Last, third parties are often in a position to collect a sizeable proportion of a user's browsing history – information that can be uniquely sensitive and easily associated with a user's identity. We wish to provide user control over such information flows.
We recognize that, unlike with a bright-line rule, there can be close calls in applying our standard for what constitutes a first party or a third party. But we believe that in practice, such close calls will be rare. The overwhelming majority of content on the web can be classified as first party or third party, with few cases of ambiguity in practice.
We require a confidence at a "high probability" before a party can consider itself a first party. Where there is reasonable ambiguity about whether a user has intentionally interacted with a party, it must consider itself a third party. Our rationale is that, in the rare close cases, a website is in the best position to understand its users' expectations. We therefore impose the burden of understanding user expectations on the website. We also wish, in close cases, to err on the side of conforming to user expectations and protecting user privacy. If the standard is insufficiently protective, ordinary users have limited recourse; if the standard imposes excessive limits, websites retain the safety valve of explicitly asking for user permission.
There will almost always be only one party that the average user would expect to communicate with: the provider of the website the user has visited. But, in rare cases, users may expect that a website is provided by more than one party. For example, suppose Example Sports, a well known sports league, collaborates with Example Streaming, a well known streaming video website, to provide content at www.examplesportsonexamplestreaming.com. The website is prominently advertised and branded as being provided by both Example Sports and Example Streaming. An ordinary user who visits the website may recognize that it is operated by both Example Sports and Example Streaming.
A party may start out as a third party but become a first party later on, after a user interacts with it. If content from a third party is embedded on a first party page, the third party may become an additional first party if it can infer with high probability that the average user knowingly and intentionally communicated with it. If a user merely moused over, closed, or muted third-party content, the party would not be able to draw such an inference.

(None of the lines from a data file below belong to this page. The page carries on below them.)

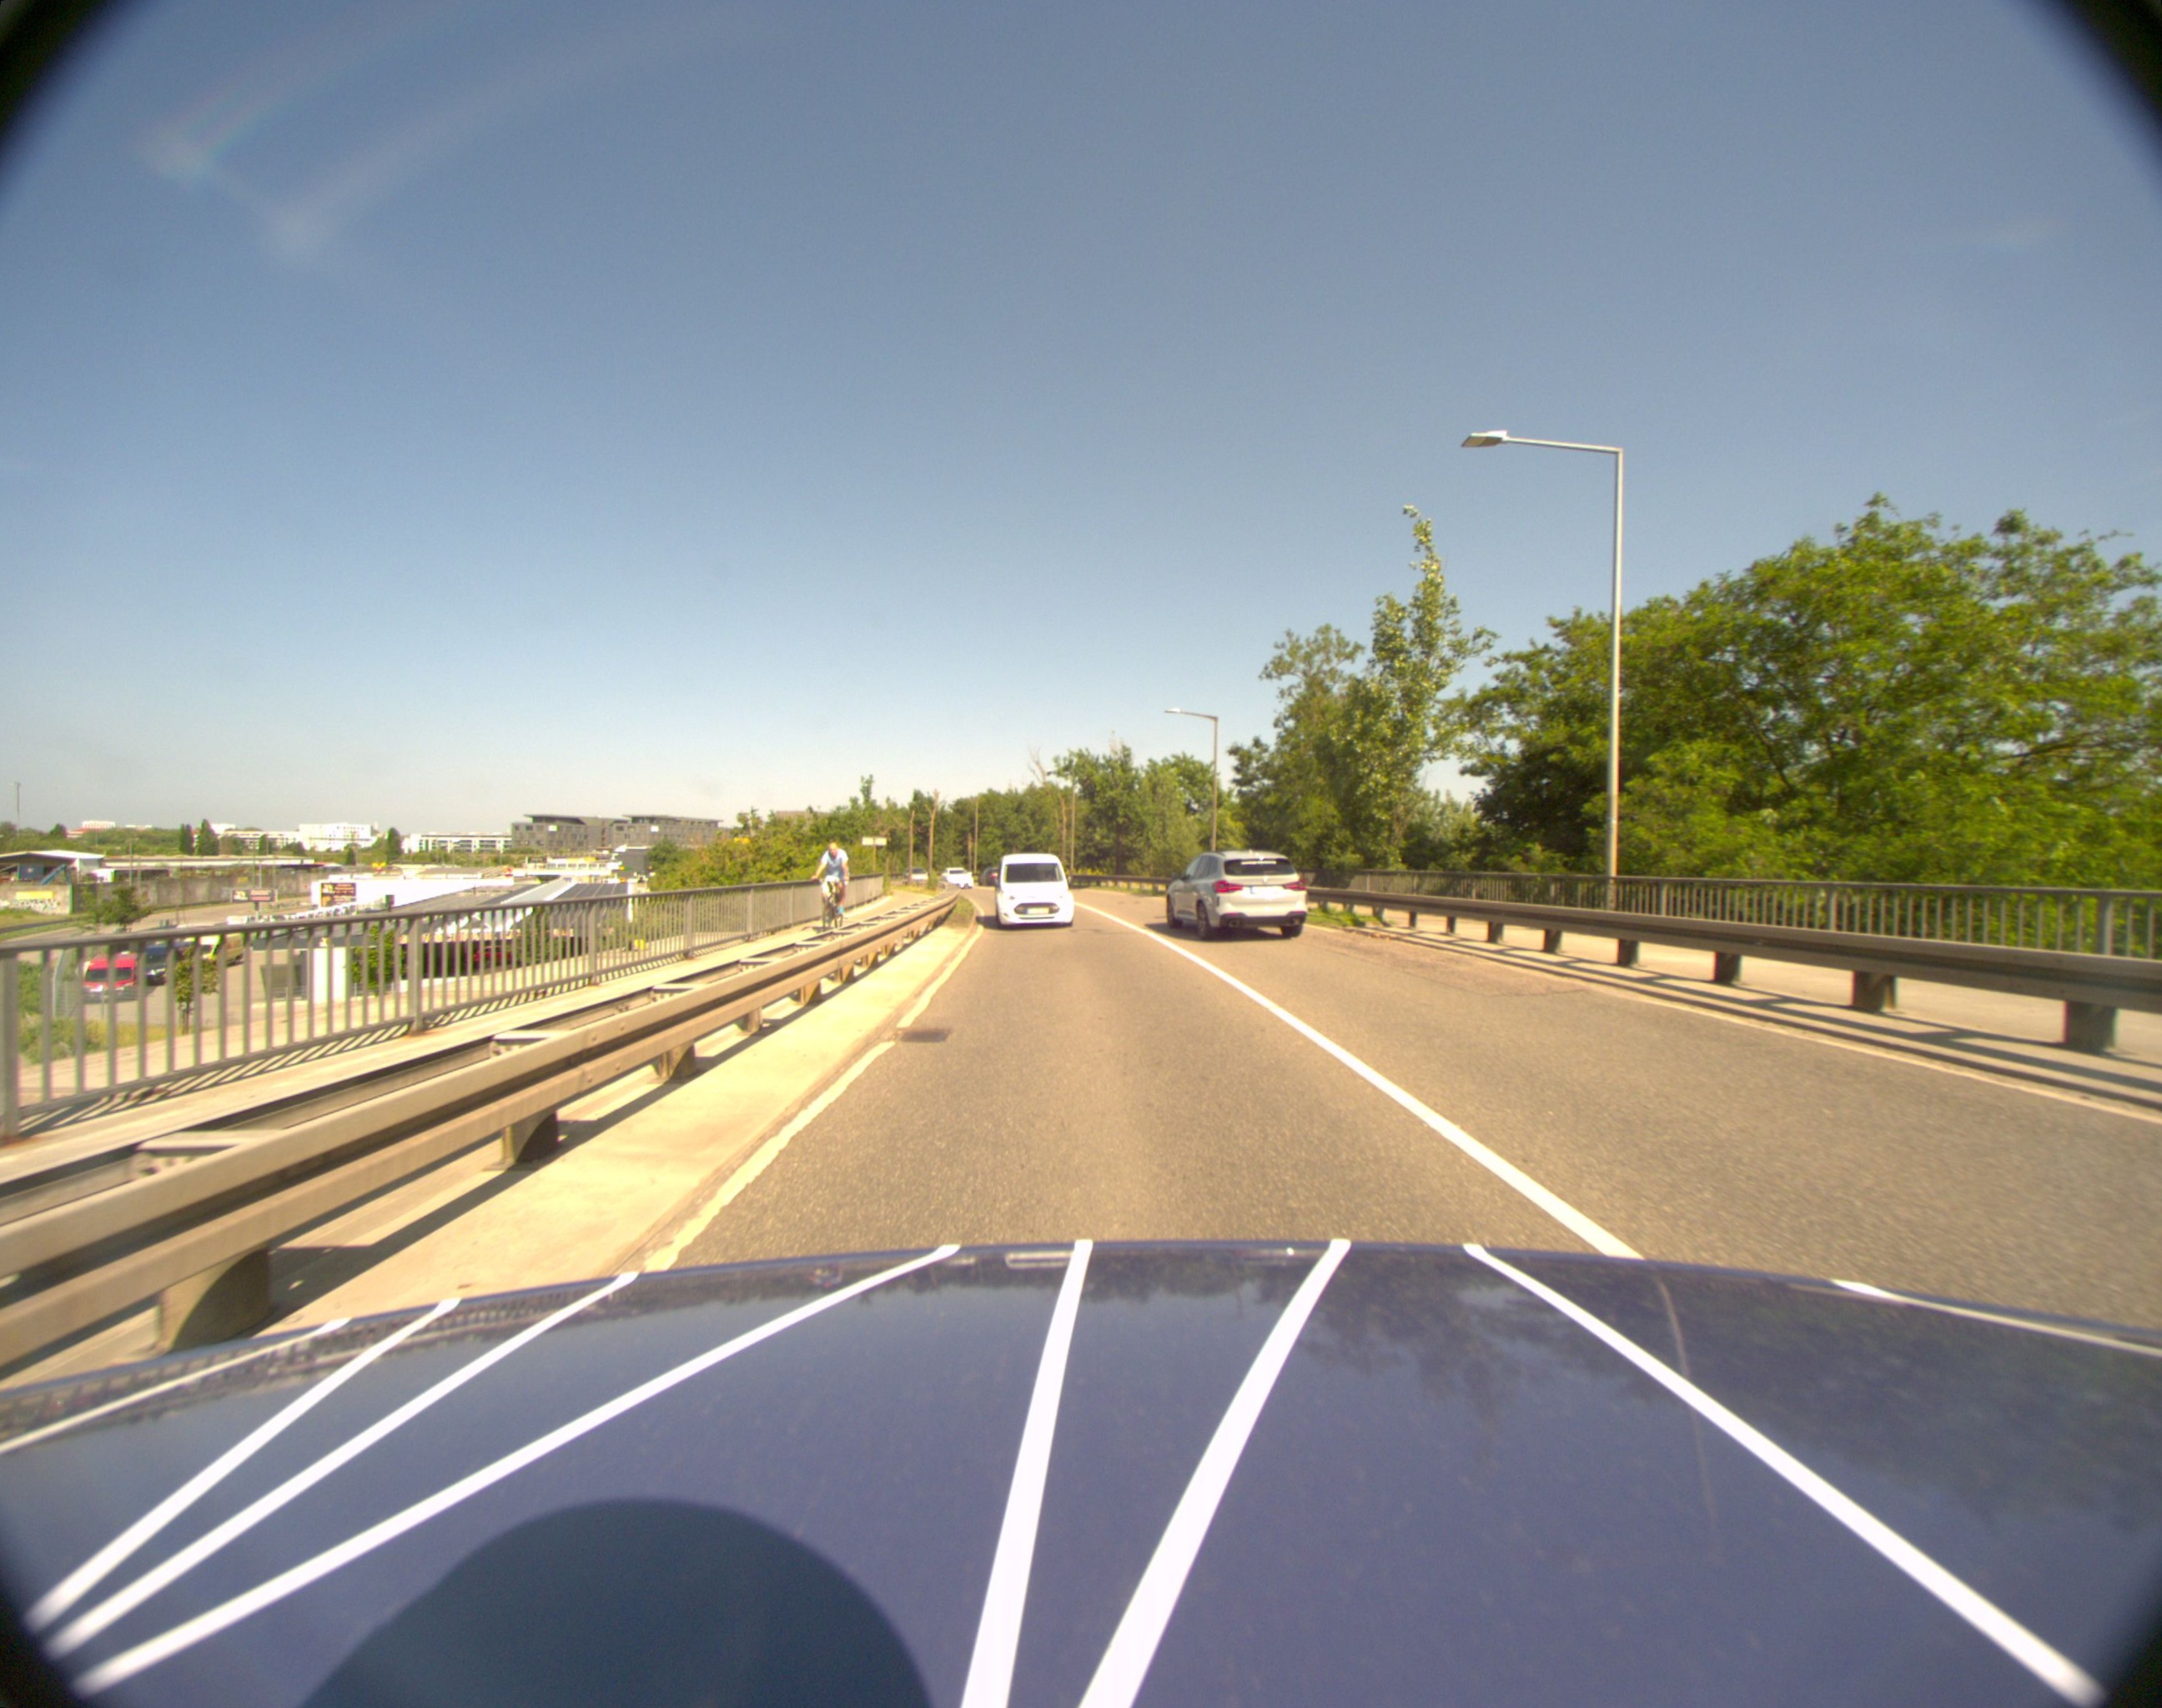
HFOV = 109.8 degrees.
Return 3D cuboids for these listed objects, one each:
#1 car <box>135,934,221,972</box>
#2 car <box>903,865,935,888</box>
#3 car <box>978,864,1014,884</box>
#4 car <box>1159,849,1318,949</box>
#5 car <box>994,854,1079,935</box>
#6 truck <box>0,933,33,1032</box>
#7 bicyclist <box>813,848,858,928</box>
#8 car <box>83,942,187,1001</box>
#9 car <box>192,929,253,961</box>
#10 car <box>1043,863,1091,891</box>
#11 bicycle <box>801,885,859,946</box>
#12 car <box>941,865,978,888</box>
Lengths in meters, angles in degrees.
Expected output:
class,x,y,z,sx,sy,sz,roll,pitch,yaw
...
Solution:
class,x,y,z,sx,sy,sz,roll,pitch,yaw
car,-63.511,6.932,53.598,2.311,1.666,5.363,-7,5,-33
car,-14.284,1.970,66.852,2.001,1.577,3.991,-7,4,-20
car,-6.435,1.472,57.188,1.724,1.390,4.175,-1,0,-20
car,2.999,0.766,15.507,1.863,1.672,4.470,-2,1,-6
car,-1.218,0.927,19.539,1.898,1.784,4.445,-2,0,-5
truck,-60.288,6.821,40.859,13.232,4.005,3.832,0,-1,39
bicyclist,-4.827,0.656,14.956,0.660,1.511,0.802,2,1,-8
car,-59.970,7.362,48.311,2.311,2.650,5.363,-7,5,-33
car,-66.875,7.063,59.260,2.002,1.860,3.990,-7,3,-33
car,-0.824,1.254,42.057,1.745,1.448,4.294,-1,-1,-14
bicycle,-4.804,1.145,14.658,0.704,1.014,1.844,3,-1,-9
car,-8.742,1.579,54.480,1.849,1.479,4.145,-2,0,-20

Example: Example Weather offers an unbranded weather widget that is embedded into websites, including Example News. The widget contains small links to Example Weather's website and privacy policy. A user visits Example News and scrolls through the weekly forecast in the Example Weather widget.
Discussion: Example Weather is a third party. The user has interacted with Example Weather's widget, but an ordinary user would not expect that scrolling through the widget involves communicating with Example News.
Example: Example Social, a popular social network, hosts a social sharing button that other websites can embed. The button is colored and styled in the same fashion as Example Social's website, contains descriptive text that is specific to Example Social, includes Example Social's logo, and very frequently appears on Example Social's website. Example News embeds the Example Social button, and a user clicks it.
Discussion: Example Social is a first party once the user clicks its embedded social sharing button. The average user would understand that by clicking the button she is communicating with Example Social.